EXERCISE DESCRIPTION:
In the listing that follows, the range to quote begins at the line that has "table_cell 175,00–450,00 [839, 677, 1118, 708]" and ends after the line that has "table_cell [187, 510, 246, 544]"; quote it verbatim and add nothing.

ENTRIES SUPPLIED:
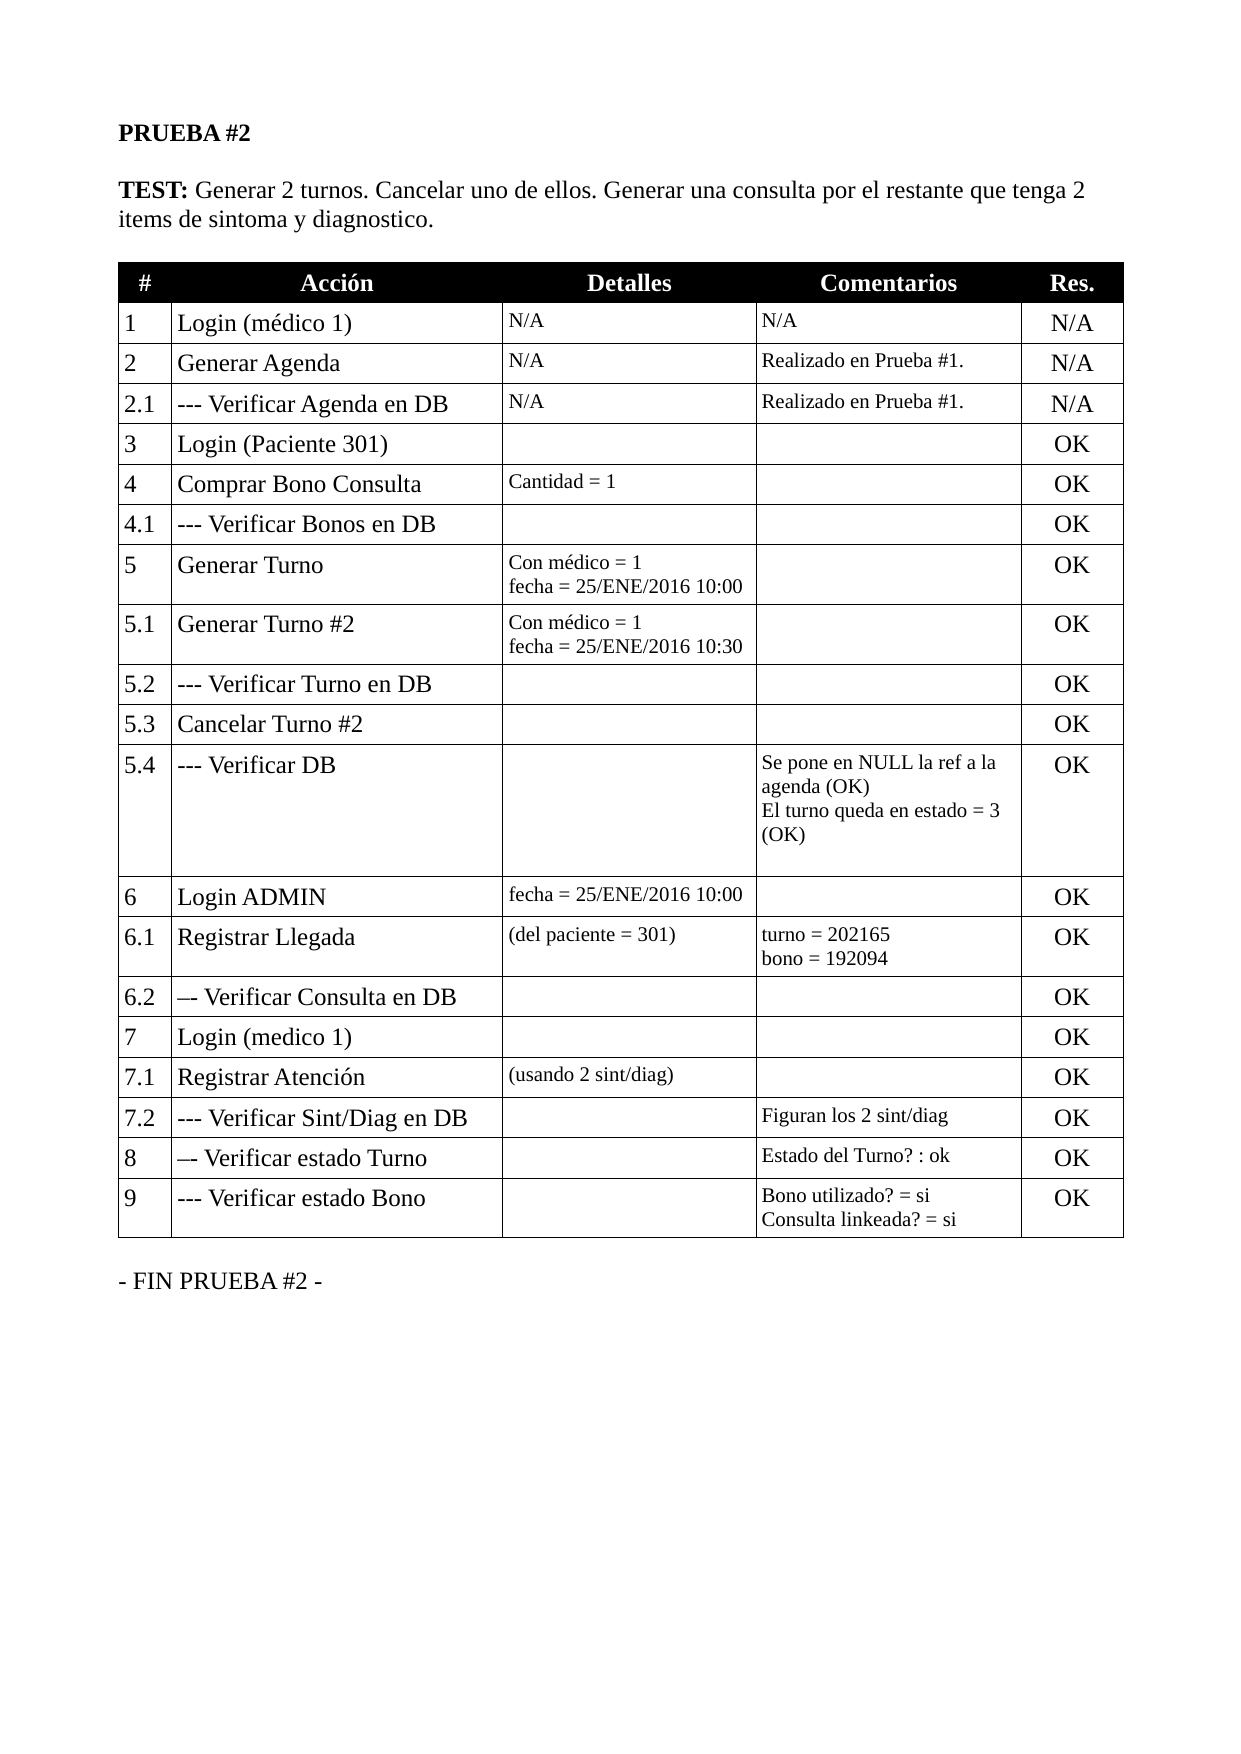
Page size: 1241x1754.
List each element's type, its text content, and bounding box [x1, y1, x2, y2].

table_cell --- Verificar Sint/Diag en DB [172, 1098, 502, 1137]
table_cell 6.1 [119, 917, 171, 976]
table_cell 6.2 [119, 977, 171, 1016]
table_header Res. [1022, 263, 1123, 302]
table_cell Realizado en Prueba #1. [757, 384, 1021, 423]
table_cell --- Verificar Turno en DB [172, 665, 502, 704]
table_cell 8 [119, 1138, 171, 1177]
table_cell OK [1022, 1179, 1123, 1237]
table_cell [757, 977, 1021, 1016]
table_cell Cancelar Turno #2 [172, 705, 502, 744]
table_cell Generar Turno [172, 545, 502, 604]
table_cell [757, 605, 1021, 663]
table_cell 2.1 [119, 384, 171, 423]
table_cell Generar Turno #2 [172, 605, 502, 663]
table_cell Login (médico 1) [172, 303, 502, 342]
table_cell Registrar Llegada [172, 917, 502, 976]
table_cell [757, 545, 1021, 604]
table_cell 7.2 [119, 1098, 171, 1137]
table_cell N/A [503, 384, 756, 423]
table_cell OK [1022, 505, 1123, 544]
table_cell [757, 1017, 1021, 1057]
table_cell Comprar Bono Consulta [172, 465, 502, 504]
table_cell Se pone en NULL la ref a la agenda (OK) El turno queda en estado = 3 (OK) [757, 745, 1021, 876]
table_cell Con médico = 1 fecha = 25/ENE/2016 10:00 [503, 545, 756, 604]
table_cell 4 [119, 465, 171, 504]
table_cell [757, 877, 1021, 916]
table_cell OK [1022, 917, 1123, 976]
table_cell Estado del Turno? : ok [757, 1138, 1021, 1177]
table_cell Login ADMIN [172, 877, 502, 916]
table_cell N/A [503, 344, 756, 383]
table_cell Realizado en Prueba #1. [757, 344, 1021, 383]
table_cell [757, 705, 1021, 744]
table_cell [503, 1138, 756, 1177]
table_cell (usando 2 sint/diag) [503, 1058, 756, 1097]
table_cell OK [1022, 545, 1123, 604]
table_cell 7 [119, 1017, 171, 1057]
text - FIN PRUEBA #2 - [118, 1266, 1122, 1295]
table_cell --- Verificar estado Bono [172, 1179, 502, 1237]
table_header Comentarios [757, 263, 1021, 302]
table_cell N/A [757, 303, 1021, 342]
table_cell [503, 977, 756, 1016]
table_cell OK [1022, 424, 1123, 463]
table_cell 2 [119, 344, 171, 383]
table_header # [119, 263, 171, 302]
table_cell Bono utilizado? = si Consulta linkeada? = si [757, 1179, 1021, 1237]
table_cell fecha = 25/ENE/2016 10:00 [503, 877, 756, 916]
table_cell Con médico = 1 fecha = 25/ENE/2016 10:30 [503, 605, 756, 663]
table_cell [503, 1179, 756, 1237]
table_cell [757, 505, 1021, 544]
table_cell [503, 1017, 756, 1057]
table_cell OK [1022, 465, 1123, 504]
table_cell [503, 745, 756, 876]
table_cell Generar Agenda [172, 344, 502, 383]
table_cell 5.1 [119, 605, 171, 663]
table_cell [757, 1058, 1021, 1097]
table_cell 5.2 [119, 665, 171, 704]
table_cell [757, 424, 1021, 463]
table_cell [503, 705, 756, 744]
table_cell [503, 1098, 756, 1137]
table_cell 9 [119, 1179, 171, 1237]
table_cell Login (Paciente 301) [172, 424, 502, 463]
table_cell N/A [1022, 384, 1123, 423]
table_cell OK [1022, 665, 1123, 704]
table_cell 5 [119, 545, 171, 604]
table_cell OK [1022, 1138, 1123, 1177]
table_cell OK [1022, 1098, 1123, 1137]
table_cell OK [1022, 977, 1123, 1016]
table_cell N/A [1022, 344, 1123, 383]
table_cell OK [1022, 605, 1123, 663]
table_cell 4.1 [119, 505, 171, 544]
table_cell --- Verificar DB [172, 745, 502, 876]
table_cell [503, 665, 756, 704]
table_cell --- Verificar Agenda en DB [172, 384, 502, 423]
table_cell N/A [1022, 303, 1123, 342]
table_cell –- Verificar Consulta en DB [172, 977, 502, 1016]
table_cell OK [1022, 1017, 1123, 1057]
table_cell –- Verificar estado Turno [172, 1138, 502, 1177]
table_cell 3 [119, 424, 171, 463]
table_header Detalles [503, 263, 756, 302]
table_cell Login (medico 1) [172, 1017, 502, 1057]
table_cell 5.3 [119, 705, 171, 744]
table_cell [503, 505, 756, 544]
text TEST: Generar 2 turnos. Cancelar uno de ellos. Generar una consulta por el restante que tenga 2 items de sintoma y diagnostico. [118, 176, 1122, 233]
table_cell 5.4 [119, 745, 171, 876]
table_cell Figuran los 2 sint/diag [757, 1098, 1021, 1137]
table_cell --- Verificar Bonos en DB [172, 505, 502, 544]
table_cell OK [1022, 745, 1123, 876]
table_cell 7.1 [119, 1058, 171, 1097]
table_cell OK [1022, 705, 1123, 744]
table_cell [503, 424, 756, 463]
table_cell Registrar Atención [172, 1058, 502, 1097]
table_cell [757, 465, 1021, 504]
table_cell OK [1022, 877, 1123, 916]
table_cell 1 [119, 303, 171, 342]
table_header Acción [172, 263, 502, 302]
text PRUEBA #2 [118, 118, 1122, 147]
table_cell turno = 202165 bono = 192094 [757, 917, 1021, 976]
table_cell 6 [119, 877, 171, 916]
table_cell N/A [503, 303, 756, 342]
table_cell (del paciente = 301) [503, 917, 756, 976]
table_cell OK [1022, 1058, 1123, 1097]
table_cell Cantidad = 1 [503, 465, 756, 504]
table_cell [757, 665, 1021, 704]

...

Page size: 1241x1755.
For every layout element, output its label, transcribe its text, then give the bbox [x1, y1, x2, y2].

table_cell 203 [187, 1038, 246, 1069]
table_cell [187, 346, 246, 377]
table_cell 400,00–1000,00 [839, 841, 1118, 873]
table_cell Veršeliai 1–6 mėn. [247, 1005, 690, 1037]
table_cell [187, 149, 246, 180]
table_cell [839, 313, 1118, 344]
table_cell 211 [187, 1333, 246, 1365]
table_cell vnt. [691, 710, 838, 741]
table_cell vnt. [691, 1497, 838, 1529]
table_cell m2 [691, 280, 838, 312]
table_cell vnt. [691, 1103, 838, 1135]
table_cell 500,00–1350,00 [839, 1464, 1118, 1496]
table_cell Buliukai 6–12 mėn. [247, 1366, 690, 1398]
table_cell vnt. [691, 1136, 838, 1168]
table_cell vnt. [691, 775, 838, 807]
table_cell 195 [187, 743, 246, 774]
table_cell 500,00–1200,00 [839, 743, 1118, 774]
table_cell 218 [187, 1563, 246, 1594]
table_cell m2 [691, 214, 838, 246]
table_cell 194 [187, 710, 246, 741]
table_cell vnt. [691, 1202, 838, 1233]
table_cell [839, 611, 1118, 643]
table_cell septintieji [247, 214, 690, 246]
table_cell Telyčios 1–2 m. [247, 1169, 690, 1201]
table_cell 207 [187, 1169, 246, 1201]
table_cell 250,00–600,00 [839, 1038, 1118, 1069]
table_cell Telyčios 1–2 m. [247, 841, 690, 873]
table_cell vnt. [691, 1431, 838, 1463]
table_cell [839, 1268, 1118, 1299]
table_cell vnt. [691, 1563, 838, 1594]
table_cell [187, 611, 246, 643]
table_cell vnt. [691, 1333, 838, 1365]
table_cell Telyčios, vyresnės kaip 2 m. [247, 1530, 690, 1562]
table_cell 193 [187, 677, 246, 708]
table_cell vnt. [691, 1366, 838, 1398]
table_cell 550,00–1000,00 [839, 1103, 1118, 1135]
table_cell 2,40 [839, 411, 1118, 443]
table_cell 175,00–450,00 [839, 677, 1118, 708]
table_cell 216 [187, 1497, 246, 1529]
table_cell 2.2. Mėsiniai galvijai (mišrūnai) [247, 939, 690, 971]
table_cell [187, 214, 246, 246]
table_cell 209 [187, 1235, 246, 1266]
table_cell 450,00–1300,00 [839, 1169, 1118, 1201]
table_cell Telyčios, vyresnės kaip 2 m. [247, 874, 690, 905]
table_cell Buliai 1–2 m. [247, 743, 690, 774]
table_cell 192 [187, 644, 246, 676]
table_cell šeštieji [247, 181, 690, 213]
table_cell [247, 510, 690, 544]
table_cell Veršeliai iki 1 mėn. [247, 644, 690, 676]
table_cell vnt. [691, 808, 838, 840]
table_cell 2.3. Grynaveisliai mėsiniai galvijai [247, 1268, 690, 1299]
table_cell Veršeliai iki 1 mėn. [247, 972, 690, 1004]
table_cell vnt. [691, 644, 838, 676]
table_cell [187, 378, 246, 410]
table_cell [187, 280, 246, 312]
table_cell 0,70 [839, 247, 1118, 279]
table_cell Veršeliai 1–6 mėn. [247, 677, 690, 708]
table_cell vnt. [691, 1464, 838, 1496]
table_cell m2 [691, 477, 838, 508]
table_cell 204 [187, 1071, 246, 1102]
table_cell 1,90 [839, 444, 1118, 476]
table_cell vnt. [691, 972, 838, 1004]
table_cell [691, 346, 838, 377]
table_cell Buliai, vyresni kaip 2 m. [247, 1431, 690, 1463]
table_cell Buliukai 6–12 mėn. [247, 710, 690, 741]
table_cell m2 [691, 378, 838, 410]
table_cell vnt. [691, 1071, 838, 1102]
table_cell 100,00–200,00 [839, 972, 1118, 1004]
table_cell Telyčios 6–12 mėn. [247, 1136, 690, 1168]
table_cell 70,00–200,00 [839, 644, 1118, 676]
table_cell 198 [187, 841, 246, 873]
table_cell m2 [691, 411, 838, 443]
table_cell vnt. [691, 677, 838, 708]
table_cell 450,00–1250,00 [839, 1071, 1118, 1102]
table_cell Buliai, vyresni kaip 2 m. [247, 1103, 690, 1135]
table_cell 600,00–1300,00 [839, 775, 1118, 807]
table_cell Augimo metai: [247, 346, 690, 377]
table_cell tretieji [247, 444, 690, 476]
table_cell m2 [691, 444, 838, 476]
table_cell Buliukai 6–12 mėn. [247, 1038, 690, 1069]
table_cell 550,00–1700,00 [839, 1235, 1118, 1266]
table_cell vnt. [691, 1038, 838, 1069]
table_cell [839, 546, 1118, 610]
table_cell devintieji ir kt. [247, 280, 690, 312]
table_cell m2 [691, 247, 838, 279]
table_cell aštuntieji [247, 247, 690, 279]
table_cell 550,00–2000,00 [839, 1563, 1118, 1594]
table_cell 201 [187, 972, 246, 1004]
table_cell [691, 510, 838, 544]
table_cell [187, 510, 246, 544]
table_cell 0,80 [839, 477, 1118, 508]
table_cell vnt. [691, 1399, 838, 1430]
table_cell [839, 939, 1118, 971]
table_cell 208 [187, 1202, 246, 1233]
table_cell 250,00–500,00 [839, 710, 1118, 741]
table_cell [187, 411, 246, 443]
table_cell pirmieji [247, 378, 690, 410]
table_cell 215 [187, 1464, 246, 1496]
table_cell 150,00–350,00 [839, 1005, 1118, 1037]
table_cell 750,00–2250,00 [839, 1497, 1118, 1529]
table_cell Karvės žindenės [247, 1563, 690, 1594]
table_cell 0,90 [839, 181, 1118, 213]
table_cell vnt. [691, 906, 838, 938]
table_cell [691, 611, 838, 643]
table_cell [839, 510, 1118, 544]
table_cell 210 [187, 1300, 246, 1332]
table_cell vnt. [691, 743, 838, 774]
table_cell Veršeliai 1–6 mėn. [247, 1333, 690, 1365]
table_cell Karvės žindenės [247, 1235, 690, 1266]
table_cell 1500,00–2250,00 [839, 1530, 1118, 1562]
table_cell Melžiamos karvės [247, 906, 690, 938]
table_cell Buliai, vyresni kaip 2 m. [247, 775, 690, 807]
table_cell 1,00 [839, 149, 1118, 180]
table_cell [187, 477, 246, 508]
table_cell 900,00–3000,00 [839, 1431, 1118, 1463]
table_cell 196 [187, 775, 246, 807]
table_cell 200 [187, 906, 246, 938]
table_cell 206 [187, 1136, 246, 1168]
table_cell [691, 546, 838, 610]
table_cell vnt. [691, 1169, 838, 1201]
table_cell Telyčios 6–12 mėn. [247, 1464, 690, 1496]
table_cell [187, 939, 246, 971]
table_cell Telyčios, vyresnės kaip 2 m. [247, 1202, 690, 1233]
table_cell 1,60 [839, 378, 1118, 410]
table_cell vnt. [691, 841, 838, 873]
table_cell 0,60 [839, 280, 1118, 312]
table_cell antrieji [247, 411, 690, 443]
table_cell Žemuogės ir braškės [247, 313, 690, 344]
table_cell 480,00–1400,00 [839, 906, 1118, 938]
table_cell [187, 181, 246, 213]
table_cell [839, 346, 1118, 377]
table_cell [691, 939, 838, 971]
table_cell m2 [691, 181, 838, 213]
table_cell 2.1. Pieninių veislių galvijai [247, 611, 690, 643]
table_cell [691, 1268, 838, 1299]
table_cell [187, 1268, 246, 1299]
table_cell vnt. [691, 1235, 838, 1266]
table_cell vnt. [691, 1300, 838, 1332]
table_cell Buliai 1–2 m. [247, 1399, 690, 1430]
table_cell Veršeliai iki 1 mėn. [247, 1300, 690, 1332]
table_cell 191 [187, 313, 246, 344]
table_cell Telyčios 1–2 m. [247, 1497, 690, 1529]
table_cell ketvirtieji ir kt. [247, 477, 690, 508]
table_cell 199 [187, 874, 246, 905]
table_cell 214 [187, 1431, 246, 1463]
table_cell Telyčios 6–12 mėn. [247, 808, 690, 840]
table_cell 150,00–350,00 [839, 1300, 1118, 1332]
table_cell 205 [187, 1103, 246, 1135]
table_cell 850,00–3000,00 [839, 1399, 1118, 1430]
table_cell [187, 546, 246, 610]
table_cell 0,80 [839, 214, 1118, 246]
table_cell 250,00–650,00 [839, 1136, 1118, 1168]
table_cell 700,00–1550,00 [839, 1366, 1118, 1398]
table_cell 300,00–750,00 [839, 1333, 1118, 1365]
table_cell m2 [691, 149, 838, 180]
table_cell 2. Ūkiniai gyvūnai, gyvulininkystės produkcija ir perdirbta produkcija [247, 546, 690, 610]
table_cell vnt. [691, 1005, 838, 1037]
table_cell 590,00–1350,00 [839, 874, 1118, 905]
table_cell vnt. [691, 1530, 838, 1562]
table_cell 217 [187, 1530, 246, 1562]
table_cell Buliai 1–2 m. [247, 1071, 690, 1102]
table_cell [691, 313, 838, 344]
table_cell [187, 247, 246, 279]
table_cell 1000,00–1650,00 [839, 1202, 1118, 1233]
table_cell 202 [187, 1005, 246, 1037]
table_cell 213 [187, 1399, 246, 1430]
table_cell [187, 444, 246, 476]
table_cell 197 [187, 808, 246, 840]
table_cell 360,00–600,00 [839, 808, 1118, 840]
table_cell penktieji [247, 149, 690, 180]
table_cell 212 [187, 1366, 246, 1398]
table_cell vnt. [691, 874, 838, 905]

ANSWER SECTION:
table_cell 175,00–450,00 [839, 677, 1118, 708]
table_cell 216 [187, 1497, 246, 1529]
table_cell 2.2. Mėsiniai galvijai (mišrūnai) [247, 939, 690, 971]
table_cell [187, 214, 246, 246]
table_cell 209 [187, 1235, 246, 1266]
table_cell 450,00–1300,00 [839, 1169, 1118, 1201]
table_cell Telyčios, vyresnės kaip 2 m. [247, 874, 690, 905]
table_cell Buliai 1–2 m. [247, 743, 690, 774]
table_cell 192 [187, 644, 246, 676]
table_cell šeštieji [247, 181, 690, 213]
table_cell [247, 510, 690, 544]
table_cell Veršeliai iki 1 mėn. [247, 644, 690, 676]
table_cell vnt. [691, 808, 838, 840]
table_cell 2.3. Grynaveisliai mėsiniai galvijai [247, 1268, 690, 1299]
table_cell Veršeliai iki 1 mėn. [247, 972, 690, 1004]
table_cell vnt. [691, 644, 838, 676]
table_cell [187, 378, 246, 410]
table_cell [187, 280, 246, 312]
table_cell 0,70 [839, 247, 1118, 279]
table_cell Veršeliai 1–6 mėn. [247, 677, 690, 708]
table_cell vnt. [691, 1464, 838, 1496]
table_cell m2 [691, 477, 838, 508]
table_cell 204 [187, 1071, 246, 1102]
table_cell 1,90 [839, 444, 1118, 476]
table_cell vnt. [691, 972, 838, 1004]
table_cell [691, 346, 838, 377]
table_cell Buliai, vyresni kaip 2 m. [247, 1431, 690, 1463]
table_cell Buliukai 6–12 mėn. [247, 710, 690, 741]
table_cell m2 [691, 378, 838, 410]
table_cell vnt. [691, 1071, 838, 1102]
table_cell 100,00–200,00 [839, 972, 1118, 1004]
table_cell Telyčios 6–12 mėn. [247, 1136, 690, 1168]
table_cell 70,00–200,00 [839, 644, 1118, 676]
table_cell 198 [187, 841, 246, 873]
table_cell m2 [691, 411, 838, 443]
table_cell vnt. [691, 677, 838, 708]
table_cell 450,00–1250,00 [839, 1071, 1118, 1102]
table_cell Buliai, vyresni kaip 2 m. [247, 1103, 690, 1135]
table_cell 600,00–1300,00 [839, 775, 1118, 807]
table_cell Augimo metai: [247, 346, 690, 377]
table_cell tretieji [247, 444, 690, 476]
table_cell m2 [691, 444, 838, 476]
table_cell Buliukai 6–12 mėn. [247, 1038, 690, 1069]
table_cell 550,00–1700,00 [839, 1235, 1118, 1266]
table_cell vnt. [691, 1038, 838, 1069]
table_cell [839, 546, 1118, 610]
table_cell devintieji ir kt. [247, 280, 690, 312]
table_cell m2 [691, 247, 838, 279]
table_cell aštuntieji [247, 247, 690, 279]
table_cell 550,00–2000,00 [839, 1563, 1118, 1594]
table_cell 201 [187, 972, 246, 1004]
table_cell [691, 510, 838, 544]
table_cell [187, 510, 246, 544]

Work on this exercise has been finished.